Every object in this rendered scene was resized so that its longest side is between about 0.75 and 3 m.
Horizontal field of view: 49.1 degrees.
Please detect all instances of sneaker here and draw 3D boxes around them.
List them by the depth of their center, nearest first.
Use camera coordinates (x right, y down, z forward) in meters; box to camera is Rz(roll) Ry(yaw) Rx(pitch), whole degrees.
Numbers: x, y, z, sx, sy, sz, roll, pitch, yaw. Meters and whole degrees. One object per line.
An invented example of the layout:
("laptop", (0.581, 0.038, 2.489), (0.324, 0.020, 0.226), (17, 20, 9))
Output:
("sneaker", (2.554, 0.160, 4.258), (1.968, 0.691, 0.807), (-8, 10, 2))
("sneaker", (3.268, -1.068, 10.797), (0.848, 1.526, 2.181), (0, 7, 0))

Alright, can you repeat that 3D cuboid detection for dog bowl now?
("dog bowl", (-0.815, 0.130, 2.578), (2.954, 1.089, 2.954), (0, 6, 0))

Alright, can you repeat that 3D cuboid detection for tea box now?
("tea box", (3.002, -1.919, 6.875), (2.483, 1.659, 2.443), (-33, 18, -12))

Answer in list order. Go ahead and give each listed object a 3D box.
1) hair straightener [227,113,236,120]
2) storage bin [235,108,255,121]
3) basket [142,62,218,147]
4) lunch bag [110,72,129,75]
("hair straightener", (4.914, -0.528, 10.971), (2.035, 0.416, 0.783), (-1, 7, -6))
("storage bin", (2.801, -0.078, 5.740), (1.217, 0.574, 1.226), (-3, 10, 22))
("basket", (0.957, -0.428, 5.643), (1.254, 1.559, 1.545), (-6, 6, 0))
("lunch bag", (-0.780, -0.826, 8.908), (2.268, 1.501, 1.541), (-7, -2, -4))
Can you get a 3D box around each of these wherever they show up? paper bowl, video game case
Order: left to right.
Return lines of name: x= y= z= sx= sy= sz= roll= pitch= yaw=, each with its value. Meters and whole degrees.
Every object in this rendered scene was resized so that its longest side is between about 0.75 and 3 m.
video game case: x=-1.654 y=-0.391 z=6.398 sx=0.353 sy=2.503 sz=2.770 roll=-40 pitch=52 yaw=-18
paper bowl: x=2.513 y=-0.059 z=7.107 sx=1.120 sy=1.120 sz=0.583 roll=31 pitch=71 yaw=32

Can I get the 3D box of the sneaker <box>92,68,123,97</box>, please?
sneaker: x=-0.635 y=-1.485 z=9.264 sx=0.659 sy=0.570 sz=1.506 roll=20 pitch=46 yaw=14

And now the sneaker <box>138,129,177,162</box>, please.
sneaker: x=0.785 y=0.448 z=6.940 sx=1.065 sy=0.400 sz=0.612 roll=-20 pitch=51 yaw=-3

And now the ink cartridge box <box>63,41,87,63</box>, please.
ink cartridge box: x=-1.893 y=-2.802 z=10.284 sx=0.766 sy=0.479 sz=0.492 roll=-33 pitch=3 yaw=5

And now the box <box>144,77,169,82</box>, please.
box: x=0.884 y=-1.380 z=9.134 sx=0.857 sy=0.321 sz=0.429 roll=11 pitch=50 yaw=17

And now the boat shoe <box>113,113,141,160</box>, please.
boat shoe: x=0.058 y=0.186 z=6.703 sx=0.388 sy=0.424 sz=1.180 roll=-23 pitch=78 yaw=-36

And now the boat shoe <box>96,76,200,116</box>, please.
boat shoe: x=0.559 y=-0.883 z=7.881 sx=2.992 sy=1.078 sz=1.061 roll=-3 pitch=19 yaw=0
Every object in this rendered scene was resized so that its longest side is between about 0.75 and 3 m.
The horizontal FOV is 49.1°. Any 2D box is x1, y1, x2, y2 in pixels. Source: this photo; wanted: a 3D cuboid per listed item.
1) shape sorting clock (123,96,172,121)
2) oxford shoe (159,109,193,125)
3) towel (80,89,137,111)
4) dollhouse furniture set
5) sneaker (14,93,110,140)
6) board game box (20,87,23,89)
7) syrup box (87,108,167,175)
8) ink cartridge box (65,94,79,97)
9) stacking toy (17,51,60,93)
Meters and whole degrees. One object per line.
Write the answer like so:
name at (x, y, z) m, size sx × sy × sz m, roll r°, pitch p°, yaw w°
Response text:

---

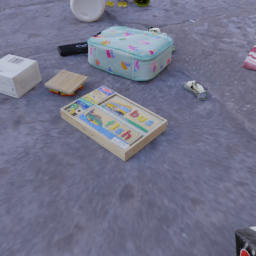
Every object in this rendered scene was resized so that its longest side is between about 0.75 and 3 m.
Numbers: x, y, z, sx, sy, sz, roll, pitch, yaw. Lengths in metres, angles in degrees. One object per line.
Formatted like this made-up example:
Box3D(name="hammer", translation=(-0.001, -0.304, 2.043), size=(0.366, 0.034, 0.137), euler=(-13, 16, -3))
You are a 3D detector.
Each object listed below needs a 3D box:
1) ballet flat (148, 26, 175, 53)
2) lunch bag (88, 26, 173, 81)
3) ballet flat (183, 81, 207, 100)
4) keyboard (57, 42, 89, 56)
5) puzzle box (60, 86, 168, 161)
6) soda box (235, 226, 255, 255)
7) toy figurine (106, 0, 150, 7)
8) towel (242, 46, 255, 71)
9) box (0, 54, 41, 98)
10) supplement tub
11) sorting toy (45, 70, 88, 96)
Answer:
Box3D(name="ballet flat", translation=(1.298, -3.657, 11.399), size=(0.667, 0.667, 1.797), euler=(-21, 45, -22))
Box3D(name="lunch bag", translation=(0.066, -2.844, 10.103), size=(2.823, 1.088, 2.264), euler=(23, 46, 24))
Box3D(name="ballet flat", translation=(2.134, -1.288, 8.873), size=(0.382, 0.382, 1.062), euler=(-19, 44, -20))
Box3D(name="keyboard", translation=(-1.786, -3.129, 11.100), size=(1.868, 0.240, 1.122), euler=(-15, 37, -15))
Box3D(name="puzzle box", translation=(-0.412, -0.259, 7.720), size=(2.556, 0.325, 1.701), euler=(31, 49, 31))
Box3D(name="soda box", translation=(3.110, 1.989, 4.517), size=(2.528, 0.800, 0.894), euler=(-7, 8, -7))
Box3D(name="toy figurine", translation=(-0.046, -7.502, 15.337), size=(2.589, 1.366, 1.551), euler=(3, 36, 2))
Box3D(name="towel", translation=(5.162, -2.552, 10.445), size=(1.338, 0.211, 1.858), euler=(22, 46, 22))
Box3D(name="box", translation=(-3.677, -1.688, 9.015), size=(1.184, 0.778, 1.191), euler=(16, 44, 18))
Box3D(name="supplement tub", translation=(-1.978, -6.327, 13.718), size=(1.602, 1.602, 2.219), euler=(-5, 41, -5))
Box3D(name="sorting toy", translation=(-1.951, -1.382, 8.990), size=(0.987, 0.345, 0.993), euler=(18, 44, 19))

Your goal ->
Within the material above, extract exactly the lines that start at the line containing "Numbers: x, y, z, sx, sy, sz, roll, pitch, yaw. Lengths" and stop after the line containing "11) sorting toy (45, 70, 88, 96)", and only those.

Expected output ->
Numbers: x, y, z, sx, sy, sz, roll, pitch, yaw. Lengths in metres, angles in degrees. One object per line.
Formatted like this made-up example:
Box3D(name="hammer", translation=(-0.001, -0.304, 2.043), size=(0.366, 0.034, 0.137), euler=(-13, 16, -3))
You are a 3D detector.
Each object listed below needs a 3D box:
1) ballet flat (148, 26, 175, 53)
2) lunch bag (88, 26, 173, 81)
3) ballet flat (183, 81, 207, 100)
4) keyboard (57, 42, 89, 56)
5) puzzle box (60, 86, 168, 161)
6) soda box (235, 226, 255, 255)
7) toy figurine (106, 0, 150, 7)
8) towel (242, 46, 255, 71)
9) box (0, 54, 41, 98)
10) supplement tub
11) sorting toy (45, 70, 88, 96)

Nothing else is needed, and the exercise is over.